Work required:
Repeat the lines from the line with "1) ink cartridge box (444,113,494,190)" to the line with "10) shark figurine" in the listing below, keeping both end lines and adding nothing.

The data:
== == ==
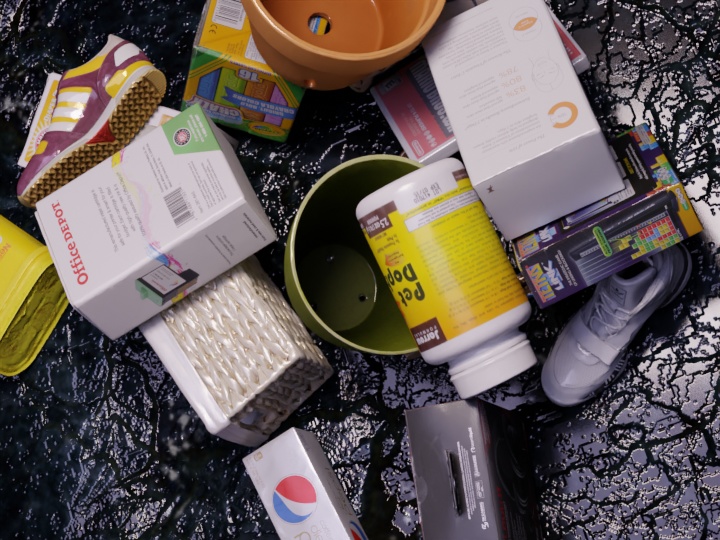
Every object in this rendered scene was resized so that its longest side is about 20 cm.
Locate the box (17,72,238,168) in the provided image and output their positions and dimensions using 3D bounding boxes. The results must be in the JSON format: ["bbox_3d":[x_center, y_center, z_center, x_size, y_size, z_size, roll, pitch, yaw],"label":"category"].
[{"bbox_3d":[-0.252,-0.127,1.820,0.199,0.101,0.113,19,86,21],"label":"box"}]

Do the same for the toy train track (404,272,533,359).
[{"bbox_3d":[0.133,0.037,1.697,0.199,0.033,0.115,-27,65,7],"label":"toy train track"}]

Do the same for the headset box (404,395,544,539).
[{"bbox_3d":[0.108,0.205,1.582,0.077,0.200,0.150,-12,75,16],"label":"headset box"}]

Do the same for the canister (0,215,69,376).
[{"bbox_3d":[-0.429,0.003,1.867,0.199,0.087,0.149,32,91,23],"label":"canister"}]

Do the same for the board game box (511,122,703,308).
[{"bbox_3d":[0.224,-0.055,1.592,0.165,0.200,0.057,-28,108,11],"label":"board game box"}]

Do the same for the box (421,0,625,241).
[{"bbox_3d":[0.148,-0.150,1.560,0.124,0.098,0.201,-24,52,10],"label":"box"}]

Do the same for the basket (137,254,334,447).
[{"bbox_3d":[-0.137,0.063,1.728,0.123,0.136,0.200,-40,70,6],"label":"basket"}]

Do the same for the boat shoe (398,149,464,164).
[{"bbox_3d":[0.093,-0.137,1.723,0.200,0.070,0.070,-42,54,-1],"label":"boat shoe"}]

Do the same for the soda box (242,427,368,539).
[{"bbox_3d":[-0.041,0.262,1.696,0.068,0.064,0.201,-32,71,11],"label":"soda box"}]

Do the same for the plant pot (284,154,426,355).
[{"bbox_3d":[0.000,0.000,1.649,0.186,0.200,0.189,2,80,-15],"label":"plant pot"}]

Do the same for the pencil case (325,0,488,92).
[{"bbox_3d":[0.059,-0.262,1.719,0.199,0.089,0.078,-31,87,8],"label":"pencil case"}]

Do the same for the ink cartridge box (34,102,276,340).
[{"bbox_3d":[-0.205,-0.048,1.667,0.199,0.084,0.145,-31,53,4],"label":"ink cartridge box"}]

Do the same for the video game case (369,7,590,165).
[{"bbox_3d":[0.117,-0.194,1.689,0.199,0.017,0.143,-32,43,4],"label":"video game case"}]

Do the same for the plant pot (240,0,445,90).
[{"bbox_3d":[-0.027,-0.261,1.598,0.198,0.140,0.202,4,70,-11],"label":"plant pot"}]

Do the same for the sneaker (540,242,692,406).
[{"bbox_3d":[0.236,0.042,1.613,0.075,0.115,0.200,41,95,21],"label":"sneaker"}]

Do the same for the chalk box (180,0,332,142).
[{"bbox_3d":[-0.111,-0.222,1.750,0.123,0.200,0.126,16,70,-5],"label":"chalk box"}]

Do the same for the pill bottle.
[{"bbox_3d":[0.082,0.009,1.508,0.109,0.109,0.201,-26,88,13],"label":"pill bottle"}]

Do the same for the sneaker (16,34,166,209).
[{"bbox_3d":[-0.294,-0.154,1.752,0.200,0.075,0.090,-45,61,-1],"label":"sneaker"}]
== == ==
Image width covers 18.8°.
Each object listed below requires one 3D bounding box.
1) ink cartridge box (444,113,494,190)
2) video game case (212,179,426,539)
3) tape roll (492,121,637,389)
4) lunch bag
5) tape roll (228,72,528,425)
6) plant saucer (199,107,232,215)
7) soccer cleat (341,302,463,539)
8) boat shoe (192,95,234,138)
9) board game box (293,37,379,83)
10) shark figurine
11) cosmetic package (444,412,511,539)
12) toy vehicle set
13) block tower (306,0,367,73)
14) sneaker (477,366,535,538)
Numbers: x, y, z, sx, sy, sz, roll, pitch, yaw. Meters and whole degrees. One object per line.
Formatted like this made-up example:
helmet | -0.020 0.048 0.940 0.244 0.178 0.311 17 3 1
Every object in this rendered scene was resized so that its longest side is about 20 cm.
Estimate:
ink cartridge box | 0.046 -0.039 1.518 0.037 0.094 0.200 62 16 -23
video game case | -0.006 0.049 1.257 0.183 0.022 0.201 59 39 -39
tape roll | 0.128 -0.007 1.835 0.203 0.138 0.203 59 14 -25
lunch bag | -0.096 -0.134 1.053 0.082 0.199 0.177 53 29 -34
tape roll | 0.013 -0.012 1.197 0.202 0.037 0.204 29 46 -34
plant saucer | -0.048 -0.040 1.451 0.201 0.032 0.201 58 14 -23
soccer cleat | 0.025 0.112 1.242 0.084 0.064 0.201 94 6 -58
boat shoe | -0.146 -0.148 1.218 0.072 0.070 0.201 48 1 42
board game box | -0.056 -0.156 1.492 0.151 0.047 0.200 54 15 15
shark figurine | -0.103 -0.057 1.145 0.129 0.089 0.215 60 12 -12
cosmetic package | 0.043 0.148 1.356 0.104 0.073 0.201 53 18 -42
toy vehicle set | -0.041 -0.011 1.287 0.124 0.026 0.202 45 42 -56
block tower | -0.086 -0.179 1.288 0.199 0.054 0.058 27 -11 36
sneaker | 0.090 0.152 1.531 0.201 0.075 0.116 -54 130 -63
== == ==
Solution:
1) ink cartridge box (444,113,494,190)
2) video game case (212,179,426,539)
3) tape roll (492,121,637,389)
4) lunch bag
5) tape roll (228,72,528,425)
6) plant saucer (199,107,232,215)
7) soccer cleat (341,302,463,539)
8) boat shoe (192,95,234,138)
9) board game box (293,37,379,83)
10) shark figurine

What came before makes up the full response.